シミステツ

走れ、絶望に追いつかれない速さでのシミステツのネタバレレビュー・内容・結末

4.3

このレビューはネタバレを含みます

青春時代の親友、薫が死んだ。薫の死という現実から目を背ける漣。薫の遺した一枚の絵。そこに描かれた「斉木環奈」。彼の大切な存在とは。残した想いとは。漣の知らない薫とは。縋りたい希望とは。

クラブでナンパ、酔っ払いに激昂、居酒屋のトイレの鏡を殴り壊す、押し寄せる絶望。明け方のビルの屋上、差し込む朝日、明日はやってくる。大人はやってくる。大人は絶望か。将来の希望か。飛んでやる。自由に飛び回ってやる。大人へのモラトリアム。薫へのレクイエム。

屋上のシーンはめちゃくちゃよかった。青春を、たしかな今を、力強く、自由に、飛んで、翔んで。
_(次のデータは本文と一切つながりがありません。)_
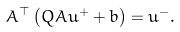Convert formula to latex. <formula><loc_0><loc_0><loc_500><loc_500>A ^ { \top } \left ( Q A u ^ { + } + b \right ) = u ^ { - } .</formula> 
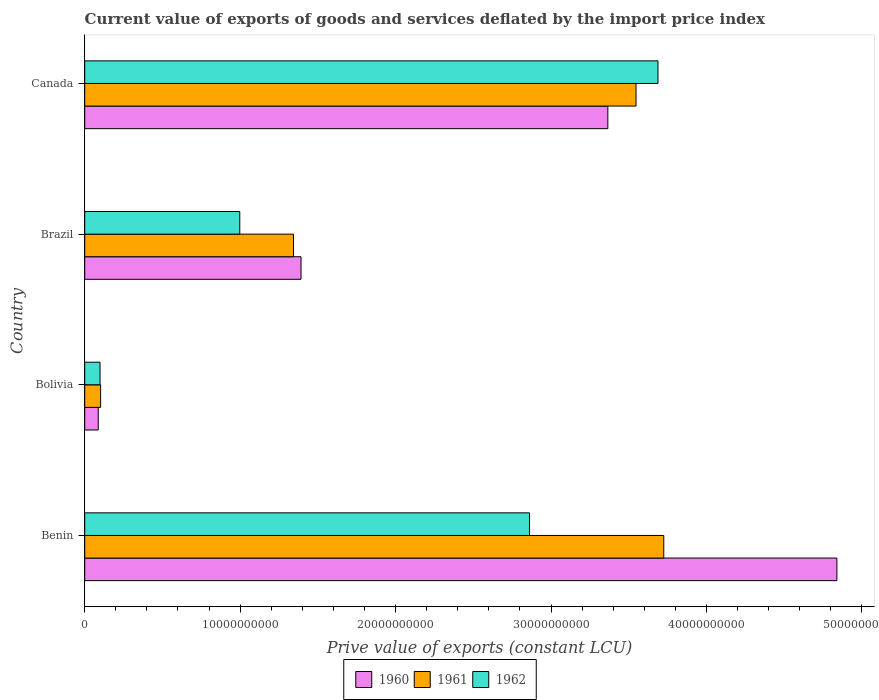Are the number of bars on each tick of the Y-axis equal?
Provide a short and direct response. Yes. How many bars are there on the 4th tick from the top?
Make the answer very short. 3. How many bars are there on the 2nd tick from the bottom?
Make the answer very short. 3. What is the label of the 4th group of bars from the top?
Your answer should be compact. Benin. What is the prive value of exports in 1961 in Canada?
Give a very brief answer. 3.55e+1. Across all countries, what is the maximum prive value of exports in 1960?
Your answer should be very brief. 4.84e+1. Across all countries, what is the minimum prive value of exports in 1961?
Offer a terse response. 1.02e+09. In which country was the prive value of exports in 1961 maximum?
Your response must be concise. Benin. What is the total prive value of exports in 1962 in the graph?
Provide a succinct answer. 7.65e+1. What is the difference between the prive value of exports in 1960 in Brazil and that in Canada?
Offer a very short reply. -1.97e+1. What is the difference between the prive value of exports in 1960 in Benin and the prive value of exports in 1961 in Brazil?
Offer a terse response. 3.50e+1. What is the average prive value of exports in 1960 per country?
Provide a succinct answer. 2.42e+1. What is the difference between the prive value of exports in 1960 and prive value of exports in 1961 in Brazil?
Ensure brevity in your answer.  4.85e+08. In how many countries, is the prive value of exports in 1960 greater than 38000000000 LCU?
Provide a succinct answer. 1. What is the ratio of the prive value of exports in 1962 in Bolivia to that in Brazil?
Ensure brevity in your answer.  0.1. What is the difference between the highest and the second highest prive value of exports in 1962?
Your answer should be compact. 8.26e+09. What is the difference between the highest and the lowest prive value of exports in 1960?
Your response must be concise. 4.75e+1. Is the sum of the prive value of exports in 1961 in Bolivia and Canada greater than the maximum prive value of exports in 1962 across all countries?
Offer a very short reply. No. What does the 1st bar from the top in Brazil represents?
Your answer should be compact. 1962. Is it the case that in every country, the sum of the prive value of exports in 1961 and prive value of exports in 1962 is greater than the prive value of exports in 1960?
Keep it short and to the point. Yes. How many bars are there?
Ensure brevity in your answer.  12. Are all the bars in the graph horizontal?
Offer a very short reply. Yes. How many countries are there in the graph?
Provide a succinct answer. 4. Does the graph contain grids?
Provide a succinct answer. No. Where does the legend appear in the graph?
Provide a short and direct response. Bottom center. How are the legend labels stacked?
Provide a succinct answer. Horizontal. What is the title of the graph?
Your answer should be very brief. Current value of exports of goods and services deflated by the import price index. Does "2014" appear as one of the legend labels in the graph?
Give a very brief answer. No. What is the label or title of the X-axis?
Your answer should be compact. Prive value of exports (constant LCU). What is the label or title of the Y-axis?
Keep it short and to the point. Country. What is the Prive value of exports (constant LCU) of 1960 in Benin?
Provide a short and direct response. 4.84e+1. What is the Prive value of exports (constant LCU) in 1961 in Benin?
Your answer should be very brief. 3.73e+1. What is the Prive value of exports (constant LCU) in 1962 in Benin?
Ensure brevity in your answer.  2.86e+1. What is the Prive value of exports (constant LCU) in 1960 in Bolivia?
Your response must be concise. 8.70e+08. What is the Prive value of exports (constant LCU) in 1961 in Bolivia?
Keep it short and to the point. 1.02e+09. What is the Prive value of exports (constant LCU) of 1962 in Bolivia?
Provide a short and direct response. 9.85e+08. What is the Prive value of exports (constant LCU) of 1960 in Brazil?
Ensure brevity in your answer.  1.39e+1. What is the Prive value of exports (constant LCU) of 1961 in Brazil?
Provide a short and direct response. 1.34e+1. What is the Prive value of exports (constant LCU) in 1962 in Brazil?
Keep it short and to the point. 9.97e+09. What is the Prive value of exports (constant LCU) of 1960 in Canada?
Provide a short and direct response. 3.37e+1. What is the Prive value of exports (constant LCU) of 1961 in Canada?
Your answer should be compact. 3.55e+1. What is the Prive value of exports (constant LCU) in 1962 in Canada?
Offer a terse response. 3.69e+1. Across all countries, what is the maximum Prive value of exports (constant LCU) in 1960?
Your answer should be compact. 4.84e+1. Across all countries, what is the maximum Prive value of exports (constant LCU) in 1961?
Offer a terse response. 3.73e+1. Across all countries, what is the maximum Prive value of exports (constant LCU) in 1962?
Your answer should be compact. 3.69e+1. Across all countries, what is the minimum Prive value of exports (constant LCU) of 1960?
Make the answer very short. 8.70e+08. Across all countries, what is the minimum Prive value of exports (constant LCU) of 1961?
Keep it short and to the point. 1.02e+09. Across all countries, what is the minimum Prive value of exports (constant LCU) of 1962?
Provide a succinct answer. 9.85e+08. What is the total Prive value of exports (constant LCU) of 1960 in the graph?
Make the answer very short. 9.68e+1. What is the total Prive value of exports (constant LCU) of 1961 in the graph?
Provide a short and direct response. 8.72e+1. What is the total Prive value of exports (constant LCU) of 1962 in the graph?
Provide a short and direct response. 7.65e+1. What is the difference between the Prive value of exports (constant LCU) in 1960 in Benin and that in Bolivia?
Offer a terse response. 4.75e+1. What is the difference between the Prive value of exports (constant LCU) of 1961 in Benin and that in Bolivia?
Your response must be concise. 3.62e+1. What is the difference between the Prive value of exports (constant LCU) in 1962 in Benin and that in Bolivia?
Your response must be concise. 2.76e+1. What is the difference between the Prive value of exports (constant LCU) of 1960 in Benin and that in Brazil?
Offer a terse response. 3.45e+1. What is the difference between the Prive value of exports (constant LCU) of 1961 in Benin and that in Brazil?
Make the answer very short. 2.38e+1. What is the difference between the Prive value of exports (constant LCU) of 1962 in Benin and that in Brazil?
Make the answer very short. 1.86e+1. What is the difference between the Prive value of exports (constant LCU) in 1960 in Benin and that in Canada?
Give a very brief answer. 1.47e+1. What is the difference between the Prive value of exports (constant LCU) of 1961 in Benin and that in Canada?
Offer a very short reply. 1.78e+09. What is the difference between the Prive value of exports (constant LCU) in 1962 in Benin and that in Canada?
Make the answer very short. -8.26e+09. What is the difference between the Prive value of exports (constant LCU) in 1960 in Bolivia and that in Brazil?
Your answer should be compact. -1.30e+1. What is the difference between the Prive value of exports (constant LCU) of 1961 in Bolivia and that in Brazil?
Offer a very short reply. -1.24e+1. What is the difference between the Prive value of exports (constant LCU) in 1962 in Bolivia and that in Brazil?
Provide a short and direct response. -8.99e+09. What is the difference between the Prive value of exports (constant LCU) of 1960 in Bolivia and that in Canada?
Ensure brevity in your answer.  -3.28e+1. What is the difference between the Prive value of exports (constant LCU) of 1961 in Bolivia and that in Canada?
Provide a short and direct response. -3.44e+1. What is the difference between the Prive value of exports (constant LCU) in 1962 in Bolivia and that in Canada?
Offer a very short reply. -3.59e+1. What is the difference between the Prive value of exports (constant LCU) in 1960 in Brazil and that in Canada?
Your answer should be very brief. -1.97e+1. What is the difference between the Prive value of exports (constant LCU) in 1961 in Brazil and that in Canada?
Provide a succinct answer. -2.20e+1. What is the difference between the Prive value of exports (constant LCU) in 1962 in Brazil and that in Canada?
Give a very brief answer. -2.69e+1. What is the difference between the Prive value of exports (constant LCU) in 1960 in Benin and the Prive value of exports (constant LCU) in 1961 in Bolivia?
Keep it short and to the point. 4.74e+1. What is the difference between the Prive value of exports (constant LCU) in 1960 in Benin and the Prive value of exports (constant LCU) in 1962 in Bolivia?
Keep it short and to the point. 4.74e+1. What is the difference between the Prive value of exports (constant LCU) of 1961 in Benin and the Prive value of exports (constant LCU) of 1962 in Bolivia?
Offer a very short reply. 3.63e+1. What is the difference between the Prive value of exports (constant LCU) in 1960 in Benin and the Prive value of exports (constant LCU) in 1961 in Brazil?
Make the answer very short. 3.50e+1. What is the difference between the Prive value of exports (constant LCU) of 1960 in Benin and the Prive value of exports (constant LCU) of 1962 in Brazil?
Your response must be concise. 3.84e+1. What is the difference between the Prive value of exports (constant LCU) in 1961 in Benin and the Prive value of exports (constant LCU) in 1962 in Brazil?
Give a very brief answer. 2.73e+1. What is the difference between the Prive value of exports (constant LCU) of 1960 in Benin and the Prive value of exports (constant LCU) of 1961 in Canada?
Provide a succinct answer. 1.29e+1. What is the difference between the Prive value of exports (constant LCU) of 1960 in Benin and the Prive value of exports (constant LCU) of 1962 in Canada?
Your answer should be very brief. 1.15e+1. What is the difference between the Prive value of exports (constant LCU) in 1961 in Benin and the Prive value of exports (constant LCU) in 1962 in Canada?
Offer a terse response. 3.72e+08. What is the difference between the Prive value of exports (constant LCU) in 1960 in Bolivia and the Prive value of exports (constant LCU) in 1961 in Brazil?
Ensure brevity in your answer.  -1.26e+1. What is the difference between the Prive value of exports (constant LCU) in 1960 in Bolivia and the Prive value of exports (constant LCU) in 1962 in Brazil?
Ensure brevity in your answer.  -9.10e+09. What is the difference between the Prive value of exports (constant LCU) of 1961 in Bolivia and the Prive value of exports (constant LCU) of 1962 in Brazil?
Keep it short and to the point. -8.95e+09. What is the difference between the Prive value of exports (constant LCU) in 1960 in Bolivia and the Prive value of exports (constant LCU) in 1961 in Canada?
Provide a short and direct response. -3.46e+1. What is the difference between the Prive value of exports (constant LCU) in 1960 in Bolivia and the Prive value of exports (constant LCU) in 1962 in Canada?
Your answer should be compact. -3.60e+1. What is the difference between the Prive value of exports (constant LCU) in 1961 in Bolivia and the Prive value of exports (constant LCU) in 1962 in Canada?
Provide a succinct answer. -3.59e+1. What is the difference between the Prive value of exports (constant LCU) of 1960 in Brazil and the Prive value of exports (constant LCU) of 1961 in Canada?
Your answer should be compact. -2.16e+1. What is the difference between the Prive value of exports (constant LCU) in 1960 in Brazil and the Prive value of exports (constant LCU) in 1962 in Canada?
Make the answer very short. -2.30e+1. What is the difference between the Prive value of exports (constant LCU) in 1961 in Brazil and the Prive value of exports (constant LCU) in 1962 in Canada?
Your answer should be very brief. -2.34e+1. What is the average Prive value of exports (constant LCU) in 1960 per country?
Give a very brief answer. 2.42e+1. What is the average Prive value of exports (constant LCU) of 1961 per country?
Make the answer very short. 2.18e+1. What is the average Prive value of exports (constant LCU) of 1962 per country?
Make the answer very short. 1.91e+1. What is the difference between the Prive value of exports (constant LCU) in 1960 and Prive value of exports (constant LCU) in 1961 in Benin?
Your answer should be compact. 1.11e+1. What is the difference between the Prive value of exports (constant LCU) in 1960 and Prive value of exports (constant LCU) in 1962 in Benin?
Your answer should be compact. 1.98e+1. What is the difference between the Prive value of exports (constant LCU) of 1961 and Prive value of exports (constant LCU) of 1962 in Benin?
Keep it short and to the point. 8.64e+09. What is the difference between the Prive value of exports (constant LCU) in 1960 and Prive value of exports (constant LCU) in 1961 in Bolivia?
Ensure brevity in your answer.  -1.53e+08. What is the difference between the Prive value of exports (constant LCU) in 1960 and Prive value of exports (constant LCU) in 1962 in Bolivia?
Keep it short and to the point. -1.15e+08. What is the difference between the Prive value of exports (constant LCU) in 1961 and Prive value of exports (constant LCU) in 1962 in Bolivia?
Make the answer very short. 3.86e+07. What is the difference between the Prive value of exports (constant LCU) of 1960 and Prive value of exports (constant LCU) of 1961 in Brazil?
Provide a short and direct response. 4.85e+08. What is the difference between the Prive value of exports (constant LCU) of 1960 and Prive value of exports (constant LCU) of 1962 in Brazil?
Make the answer very short. 3.94e+09. What is the difference between the Prive value of exports (constant LCU) of 1961 and Prive value of exports (constant LCU) of 1962 in Brazil?
Ensure brevity in your answer.  3.46e+09. What is the difference between the Prive value of exports (constant LCU) in 1960 and Prive value of exports (constant LCU) in 1961 in Canada?
Give a very brief answer. -1.81e+09. What is the difference between the Prive value of exports (constant LCU) of 1960 and Prive value of exports (constant LCU) of 1962 in Canada?
Your answer should be very brief. -3.23e+09. What is the difference between the Prive value of exports (constant LCU) in 1961 and Prive value of exports (constant LCU) in 1962 in Canada?
Make the answer very short. -1.41e+09. What is the ratio of the Prive value of exports (constant LCU) in 1960 in Benin to that in Bolivia?
Give a very brief answer. 55.59. What is the ratio of the Prive value of exports (constant LCU) in 1961 in Benin to that in Bolivia?
Your answer should be compact. 36.39. What is the ratio of the Prive value of exports (constant LCU) in 1962 in Benin to that in Bolivia?
Give a very brief answer. 29.05. What is the ratio of the Prive value of exports (constant LCU) in 1960 in Benin to that in Brazil?
Ensure brevity in your answer.  3.48. What is the ratio of the Prive value of exports (constant LCU) of 1961 in Benin to that in Brazil?
Keep it short and to the point. 2.77. What is the ratio of the Prive value of exports (constant LCU) of 1962 in Benin to that in Brazil?
Provide a short and direct response. 2.87. What is the ratio of the Prive value of exports (constant LCU) in 1960 in Benin to that in Canada?
Keep it short and to the point. 1.44. What is the ratio of the Prive value of exports (constant LCU) in 1961 in Benin to that in Canada?
Give a very brief answer. 1.05. What is the ratio of the Prive value of exports (constant LCU) of 1962 in Benin to that in Canada?
Your response must be concise. 0.78. What is the ratio of the Prive value of exports (constant LCU) in 1960 in Bolivia to that in Brazil?
Ensure brevity in your answer.  0.06. What is the ratio of the Prive value of exports (constant LCU) in 1961 in Bolivia to that in Brazil?
Offer a very short reply. 0.08. What is the ratio of the Prive value of exports (constant LCU) of 1962 in Bolivia to that in Brazil?
Ensure brevity in your answer.  0.1. What is the ratio of the Prive value of exports (constant LCU) in 1960 in Bolivia to that in Canada?
Your answer should be very brief. 0.03. What is the ratio of the Prive value of exports (constant LCU) in 1961 in Bolivia to that in Canada?
Keep it short and to the point. 0.03. What is the ratio of the Prive value of exports (constant LCU) in 1962 in Bolivia to that in Canada?
Your response must be concise. 0.03. What is the ratio of the Prive value of exports (constant LCU) of 1960 in Brazil to that in Canada?
Make the answer very short. 0.41. What is the ratio of the Prive value of exports (constant LCU) of 1961 in Brazil to that in Canada?
Provide a short and direct response. 0.38. What is the ratio of the Prive value of exports (constant LCU) in 1962 in Brazil to that in Canada?
Your answer should be compact. 0.27. What is the difference between the highest and the second highest Prive value of exports (constant LCU) in 1960?
Your answer should be compact. 1.47e+1. What is the difference between the highest and the second highest Prive value of exports (constant LCU) in 1961?
Offer a terse response. 1.78e+09. What is the difference between the highest and the second highest Prive value of exports (constant LCU) in 1962?
Ensure brevity in your answer.  8.26e+09. What is the difference between the highest and the lowest Prive value of exports (constant LCU) of 1960?
Make the answer very short. 4.75e+1. What is the difference between the highest and the lowest Prive value of exports (constant LCU) in 1961?
Your answer should be compact. 3.62e+1. What is the difference between the highest and the lowest Prive value of exports (constant LCU) in 1962?
Offer a terse response. 3.59e+1. 
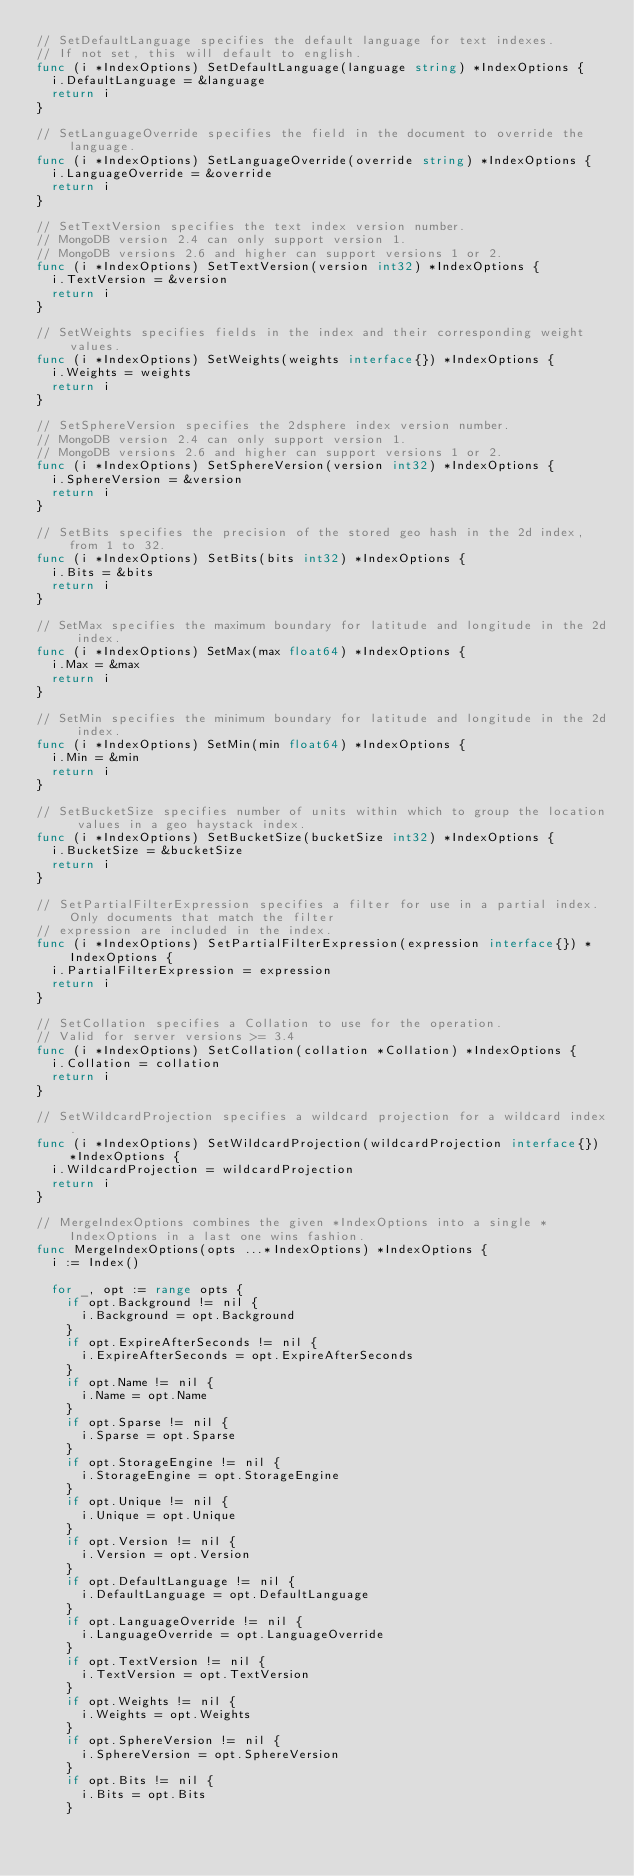Convert code to text. <code><loc_0><loc_0><loc_500><loc_500><_Go_>// SetDefaultLanguage specifies the default language for text indexes.
// If not set, this will default to english.
func (i *IndexOptions) SetDefaultLanguage(language string) *IndexOptions {
	i.DefaultLanguage = &language
	return i
}

// SetLanguageOverride specifies the field in the document to override the language.
func (i *IndexOptions) SetLanguageOverride(override string) *IndexOptions {
	i.LanguageOverride = &override
	return i
}

// SetTextVersion specifies the text index version number.
// MongoDB version 2.4 can only support version 1.
// MongoDB versions 2.6 and higher can support versions 1 or 2.
func (i *IndexOptions) SetTextVersion(version int32) *IndexOptions {
	i.TextVersion = &version
	return i
}

// SetWeights specifies fields in the index and their corresponding weight values.
func (i *IndexOptions) SetWeights(weights interface{}) *IndexOptions {
	i.Weights = weights
	return i
}

// SetSphereVersion specifies the 2dsphere index version number.
// MongoDB version 2.4 can only support version 1.
// MongoDB versions 2.6 and higher can support versions 1 or 2.
func (i *IndexOptions) SetSphereVersion(version int32) *IndexOptions {
	i.SphereVersion = &version
	return i
}

// SetBits specifies the precision of the stored geo hash in the 2d index, from 1 to 32.
func (i *IndexOptions) SetBits(bits int32) *IndexOptions {
	i.Bits = &bits
	return i
}

// SetMax specifies the maximum boundary for latitude and longitude in the 2d index.
func (i *IndexOptions) SetMax(max float64) *IndexOptions {
	i.Max = &max
	return i
}

// SetMin specifies the minimum boundary for latitude and longitude in the 2d index.
func (i *IndexOptions) SetMin(min float64) *IndexOptions {
	i.Min = &min
	return i
}

// SetBucketSize specifies number of units within which to group the location values in a geo haystack index.
func (i *IndexOptions) SetBucketSize(bucketSize int32) *IndexOptions {
	i.BucketSize = &bucketSize
	return i
}

// SetPartialFilterExpression specifies a filter for use in a partial index. Only documents that match the filter
// expression are included in the index.
func (i *IndexOptions) SetPartialFilterExpression(expression interface{}) *IndexOptions {
	i.PartialFilterExpression = expression
	return i
}

// SetCollation specifies a Collation to use for the operation.
// Valid for server versions >= 3.4
func (i *IndexOptions) SetCollation(collation *Collation) *IndexOptions {
	i.Collation = collation
	return i
}

// SetWildcardProjection specifies a wildcard projection for a wildcard index.
func (i *IndexOptions) SetWildcardProjection(wildcardProjection interface{}) *IndexOptions {
	i.WildcardProjection = wildcardProjection
	return i
}

// MergeIndexOptions combines the given *IndexOptions into a single *IndexOptions in a last one wins fashion.
func MergeIndexOptions(opts ...*IndexOptions) *IndexOptions {
	i := Index()

	for _, opt := range opts {
		if opt.Background != nil {
			i.Background = opt.Background
		}
		if opt.ExpireAfterSeconds != nil {
			i.ExpireAfterSeconds = opt.ExpireAfterSeconds
		}
		if opt.Name != nil {
			i.Name = opt.Name
		}
		if opt.Sparse != nil {
			i.Sparse = opt.Sparse
		}
		if opt.StorageEngine != nil {
			i.StorageEngine = opt.StorageEngine
		}
		if opt.Unique != nil {
			i.Unique = opt.Unique
		}
		if opt.Version != nil {
			i.Version = opt.Version
		}
		if opt.DefaultLanguage != nil {
			i.DefaultLanguage = opt.DefaultLanguage
		}
		if opt.LanguageOverride != nil {
			i.LanguageOverride = opt.LanguageOverride
		}
		if opt.TextVersion != nil {
			i.TextVersion = opt.TextVersion
		}
		if opt.Weights != nil {
			i.Weights = opt.Weights
		}
		if opt.SphereVersion != nil {
			i.SphereVersion = opt.SphereVersion
		}
		if opt.Bits != nil {
			i.Bits = opt.Bits
		}</code>

漣は薫の元カノ、理沙子と日本海へ向かって「斉木環奈」を捜し求める。

亡くなってから「お別れ」をする、けじめをつける。踏ん切りをつける。そのための旅だった。薫への想いを、薫との向き合い方を、別れ方を模索する旅。

やっとの思いで見つけた「斉木環奈」は富山のキャバ嬢として働いていた。

「走れ、絶望に追いつかれない速さで」

薫の口にしていた言葉だ。
漣の胸の奥から離れない言葉だ。
そんな言葉は中学生の頃聞いていたビジュアルバンドの歌詞だったという。

絶望はもう、やってきている。漂っている。
絶望がやってきていてはもう遅いのだ。
追いつかれていては、走ったところで無駄だ。
どうすればいい?答えなんかなかった。
だって彼の言葉ではない。彼はもういない。
希望を追い求めたところで。

そんな中、出会った、一枚の絵。
拾った猫、そして空に翔ける飛行機。
父への電話。そして残した絵。
生まれる命。

言葉にはならない、言外の表現が多く、詩的で、捉え切るには難しい印象だが、漣の頭の中を一緒に旅するような気分になれる。彼は何を思い、どう生きるのか。絶望は海で、希望は空で、絶望の色は希望を取り込んでいる。朝はちょっぴり儚げでぼんやりしてて。坂道を自転車で駆け下りると、少しだけ希望に近づける気がした。

絶望から逃げるのではなく、希望を迎えに行こう。